There is no easy 'genre' for this book, no tidy shelf-mark under which to file it, nor obvious plot stereotypes/devices, no resolved ending and certainly no hero.

It tells the story of a mother Eva, in her own words, detailing her life, her marriage to her husband Franklin, giving birth to their baby boy Kevin and her subsequent emotional distance from him, going on to describe the ensuing struggles she faces as a parent as Kevin proves himself a growing dark malevolent force, a seeming disenchanted nihilist with a penchant for shattering the rose-tinted illusory bubbles of those around him with escalating crimes of hideous atrocity, culminating in a brutal mass-murdering episode at his school shortly before his sixteenth birthday.

Eva's difficulties throughout are further hammered home by the incapacity of her husband to accept the true nature of their son, by the slow breakdown of trust in their marriage, and her loyalties throughout are tried to the point of breaking.

There is no black and white here in this novel, no preaching on issues, no moral high-ground, just a shattering of stereo-types.

For all of Kevin's uglinesses he also possesses a crystalline purity of intelligence and form that is almost curiously admirable.

Correspondingly, one's sympathy with the narrator Eva is stretched very thin as her many flaws and defects rise to the surface.

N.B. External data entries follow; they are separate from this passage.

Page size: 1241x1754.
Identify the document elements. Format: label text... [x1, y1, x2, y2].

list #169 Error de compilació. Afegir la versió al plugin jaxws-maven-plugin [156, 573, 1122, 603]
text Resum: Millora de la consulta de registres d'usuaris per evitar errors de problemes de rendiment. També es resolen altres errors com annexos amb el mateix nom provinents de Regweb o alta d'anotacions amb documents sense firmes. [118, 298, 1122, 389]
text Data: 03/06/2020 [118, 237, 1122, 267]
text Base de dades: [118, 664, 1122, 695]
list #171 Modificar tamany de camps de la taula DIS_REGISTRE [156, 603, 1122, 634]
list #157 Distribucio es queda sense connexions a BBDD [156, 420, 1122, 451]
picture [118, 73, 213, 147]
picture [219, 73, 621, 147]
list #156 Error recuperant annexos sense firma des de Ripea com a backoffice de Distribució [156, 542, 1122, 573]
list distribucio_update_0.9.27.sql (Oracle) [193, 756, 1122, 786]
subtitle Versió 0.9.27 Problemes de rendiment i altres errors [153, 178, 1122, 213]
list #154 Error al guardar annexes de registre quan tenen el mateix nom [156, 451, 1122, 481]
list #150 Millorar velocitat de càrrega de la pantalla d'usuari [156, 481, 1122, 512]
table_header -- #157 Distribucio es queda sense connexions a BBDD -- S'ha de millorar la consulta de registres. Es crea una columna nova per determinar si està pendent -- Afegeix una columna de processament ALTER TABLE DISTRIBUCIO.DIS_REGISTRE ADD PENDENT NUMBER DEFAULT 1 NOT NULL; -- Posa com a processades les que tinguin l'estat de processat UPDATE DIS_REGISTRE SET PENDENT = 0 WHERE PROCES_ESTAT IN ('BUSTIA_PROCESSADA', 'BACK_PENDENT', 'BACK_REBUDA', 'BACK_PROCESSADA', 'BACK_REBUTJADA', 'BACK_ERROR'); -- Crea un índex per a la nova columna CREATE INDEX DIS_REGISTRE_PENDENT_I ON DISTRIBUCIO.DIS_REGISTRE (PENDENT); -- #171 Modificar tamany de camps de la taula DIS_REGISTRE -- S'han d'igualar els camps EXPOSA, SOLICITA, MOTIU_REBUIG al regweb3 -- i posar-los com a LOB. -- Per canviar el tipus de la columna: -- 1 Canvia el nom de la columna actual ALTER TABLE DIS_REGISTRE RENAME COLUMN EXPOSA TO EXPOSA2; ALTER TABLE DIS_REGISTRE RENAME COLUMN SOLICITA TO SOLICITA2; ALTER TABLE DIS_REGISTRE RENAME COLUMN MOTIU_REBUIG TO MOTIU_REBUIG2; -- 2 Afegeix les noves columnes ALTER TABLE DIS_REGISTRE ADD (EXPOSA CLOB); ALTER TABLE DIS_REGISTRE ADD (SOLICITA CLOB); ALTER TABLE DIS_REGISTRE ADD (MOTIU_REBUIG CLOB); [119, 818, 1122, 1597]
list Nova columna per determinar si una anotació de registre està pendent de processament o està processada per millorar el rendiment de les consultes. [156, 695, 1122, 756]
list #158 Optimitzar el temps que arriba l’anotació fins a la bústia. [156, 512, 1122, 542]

Indeed her take on events can be construed as somewhat suspect and, in places, her sanity very questionable indeed.

It is a complex book, dealing with contemporary and exceedingly difficult issues, raising questions regarding culture, education, parenthood, family, justice, nature/nurture, love and loyalty, with no apparent answers. Indeed there are no clear lines other than the tight plot construction, and emotions and events are muddy throughout, inherently flawed, often ugly and distasteful, paradoxical and contradictory, sometimes inspiring insight, sometimes interspersed with glimmers of joy and hope, but frequently veiled in uncertainty, just as in life itself.

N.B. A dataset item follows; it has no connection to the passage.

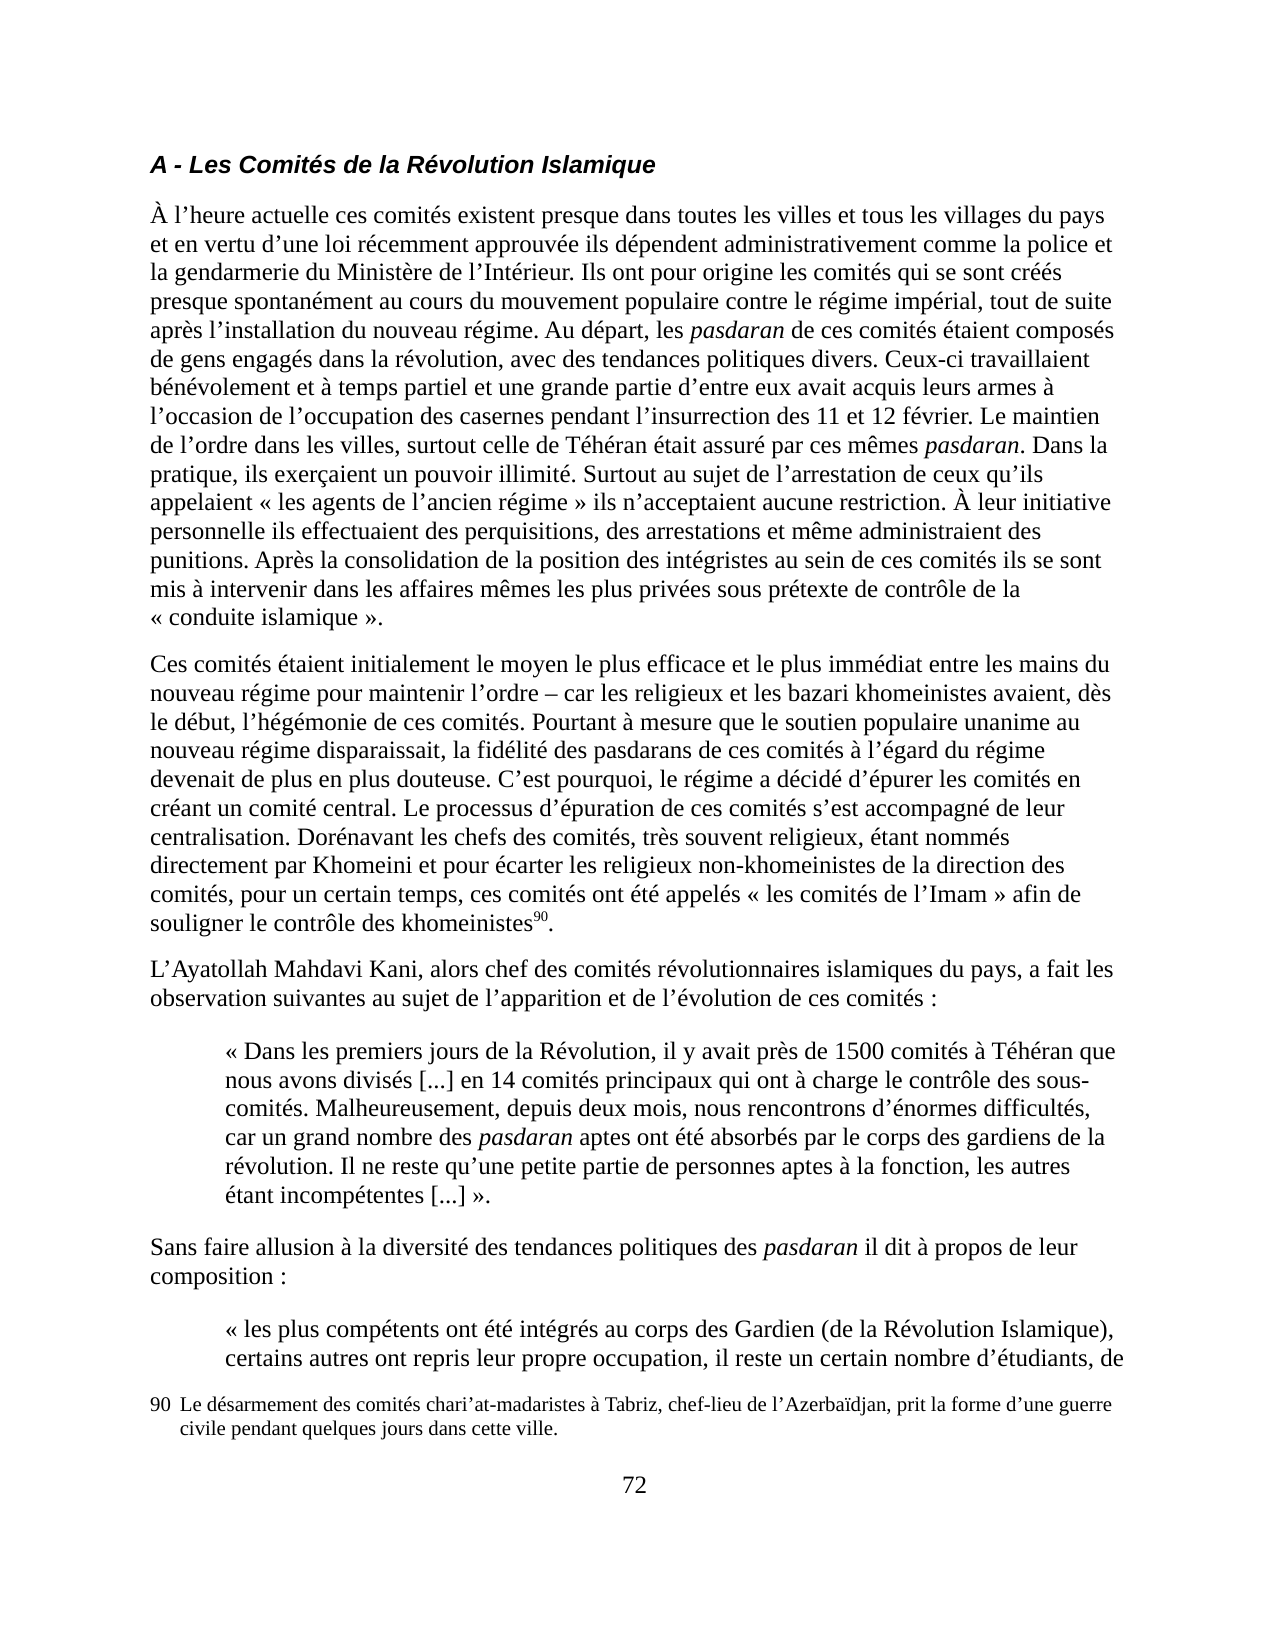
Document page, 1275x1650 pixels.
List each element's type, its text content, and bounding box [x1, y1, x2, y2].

There are many small details regarding emotion and contemporary living that sparkle with an alive freshness in this book, little facets that I have never imagined nor seen/heard expressed in words elsewhere; little threads of connectivity that delight with their honesty and bravery; little shards of dusty truth that sparkle with the light of exposure.

Indeed in whole the book represents a story woven with threads that few writers would (dare to?) pick up, both in term of the language used, (sometimes a tad dense and over-wordy - a dictionary to hand might be useful sometimes, although the gist is mostly not hard to discern), the plot, (which in content is difficult to digest, frequently prodding raw exposed nerve endings and touching dark primitive regions of the psyche), and the emotional landscapes explored, (which are often challenging to say the least).

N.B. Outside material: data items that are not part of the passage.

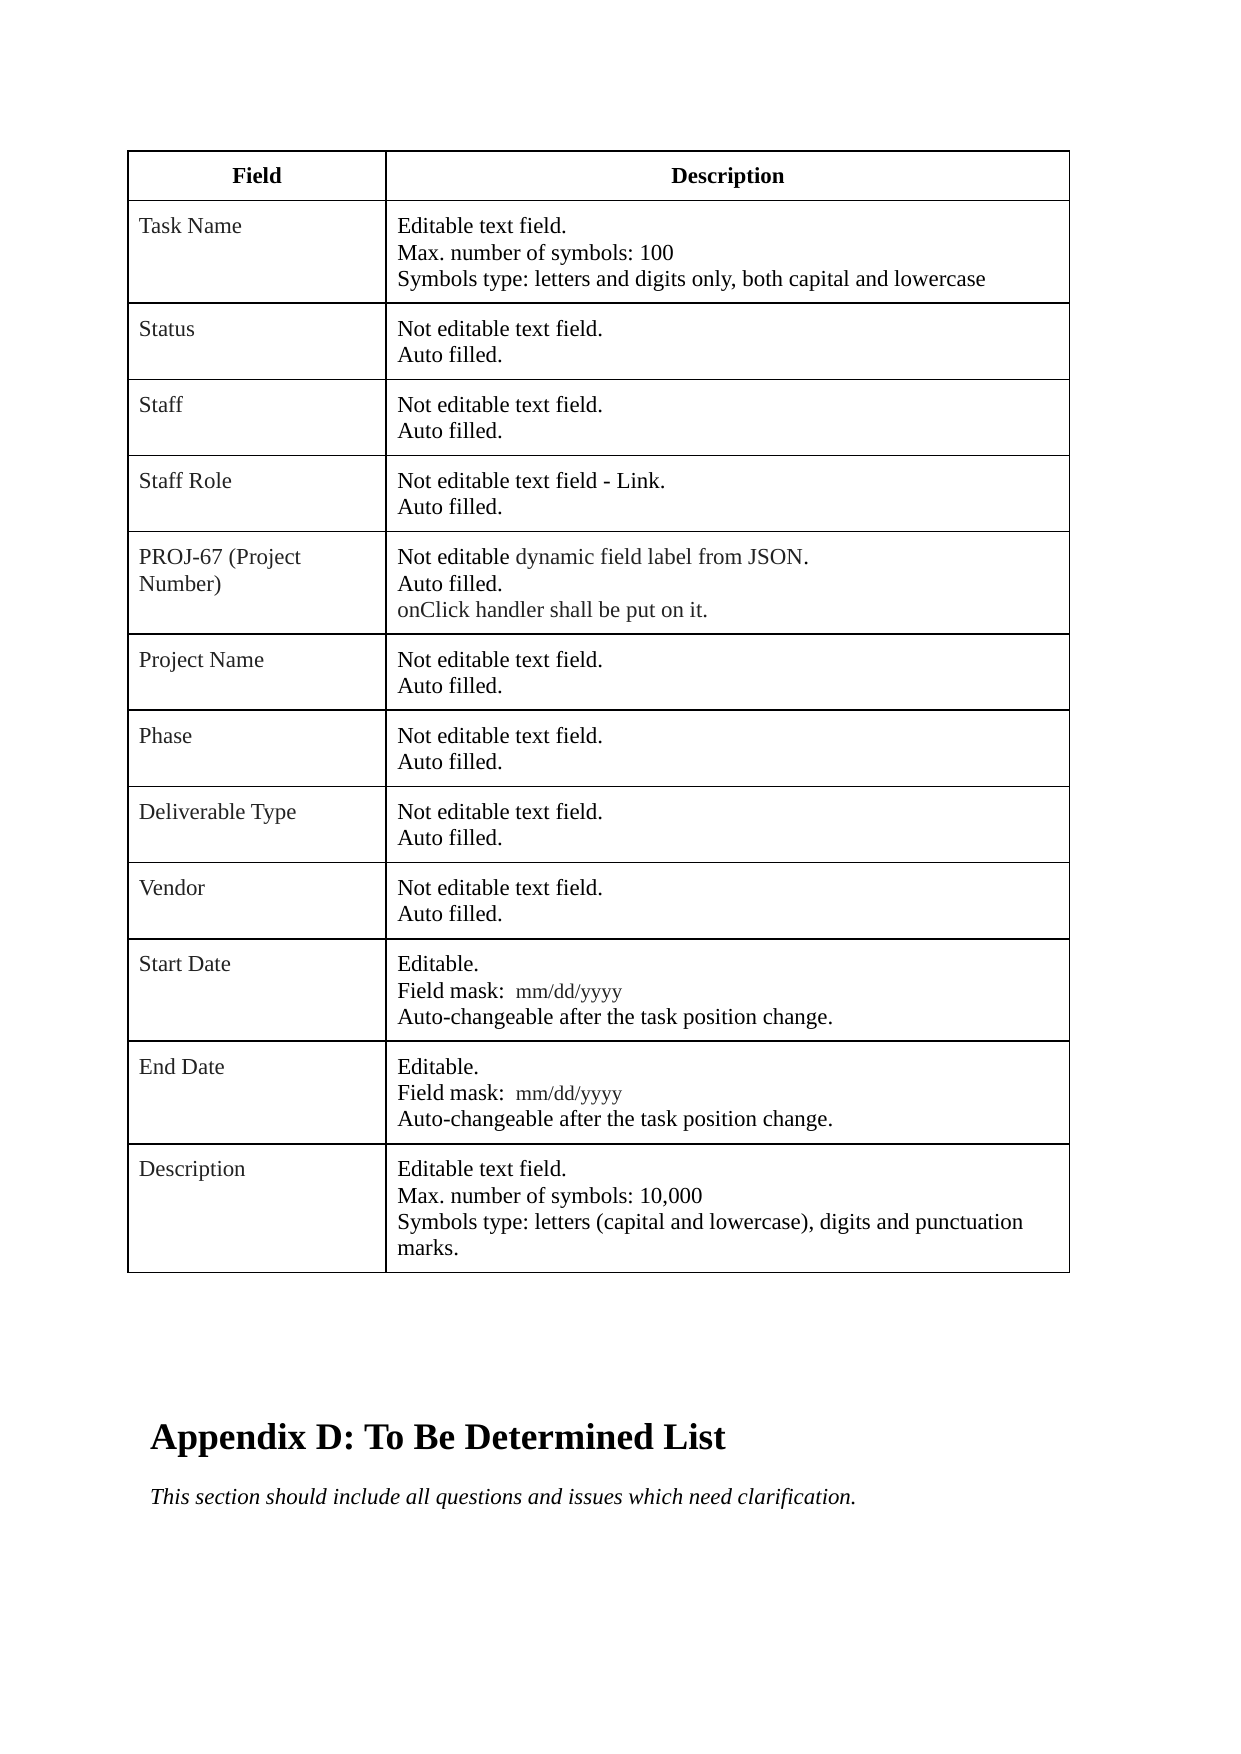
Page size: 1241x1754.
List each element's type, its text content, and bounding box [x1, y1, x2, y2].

table_cell Not editable text field. Auto filled. [387, 380, 1069, 454]
table_header Description [387, 152, 1069, 200]
table_cell Start Date [129, 940, 385, 1040]
text Appendix D: To Be Determined List [150, 1415, 1090, 1458]
table_cell Not editable text field. Auto filled. [387, 711, 1069, 786]
table_cell Not editable dynamic field label from JSON. Auto filled. onClick handler shall be put on it. [387, 532, 1069, 633]
table_cell Not editable text field. Auto filled. [387, 863, 1069, 938]
table_cell Staff [129, 380, 385, 454]
table_cell Vendor [129, 863, 385, 938]
table_cell Editable. Field mask: mm/dd/yyyy Auto-changeable after the task position change. [387, 940, 1069, 1040]
table_cell End Date [129, 1042, 385, 1143]
table_cell Editable text field. Max. number of symbols: 10,000 Symbols type: letters (capital and lowercase), digits and punctuation marks. [387, 1145, 1069, 1272]
table_cell Not editable text field. Auto filled. [387, 304, 1069, 378]
table_cell Not editable text field. Auto filled. [387, 787, 1069, 862]
table_cell Editable text field. Max. number of symbols: 100 Symbols type: letters and digits only, both capital and lowercase [387, 201, 1069, 302]
table_cell Editable. Field mask: mm/dd/yyyy Auto-changeable after the task position change. [387, 1042, 1069, 1143]
table_cell Deliverable Type [129, 787, 385, 862]
table_cell Not editable text field. Auto filled. [387, 635, 1069, 709]
table_cell Task Name [129, 201, 385, 302]
table_cell Description [129, 1145, 385, 1272]
text This section should include all questions and issues which need clarification. [150, 1483, 1090, 1509]
table_cell Status [129, 304, 385, 378]
table_cell Project Name [129, 635, 385, 709]
table_cell Staff Role [129, 456, 385, 531]
table_cell Phase [129, 711, 385, 786]
table_header Field [129, 152, 385, 200]
table_cell PROJ-67 (Project Number) [129, 532, 385, 633]
table_cell Not editable text field - Link. Auto filled. [387, 456, 1069, 531]

Ultimately you are left to make up your own mind about the issues raised, and you might find, as I have, and as the narrator/author seems to have, that no clear-cut stances can be formed.

Controversy is in the foreground and it is a book I will be churning over in my mind for many a week to come. Indeed, it has initiated massive internal dialogues and debates and I am pleased to note by looking at these Amazon reviews that I am not the only one similarly affected!

I have just finished reading this book, engrossed in it in a three-day 'whirlwind' to the exclusion of the rest of my duties.

I cannot recommend it highly enough.

It is stimulating and deserves debate, bringing to the fore issues that most of us would prefer not to address.

But be prepared to have your stomach churned and the strings of your sanity tweaked past their limits!


Perhaps we ALL need to talk about Kevin!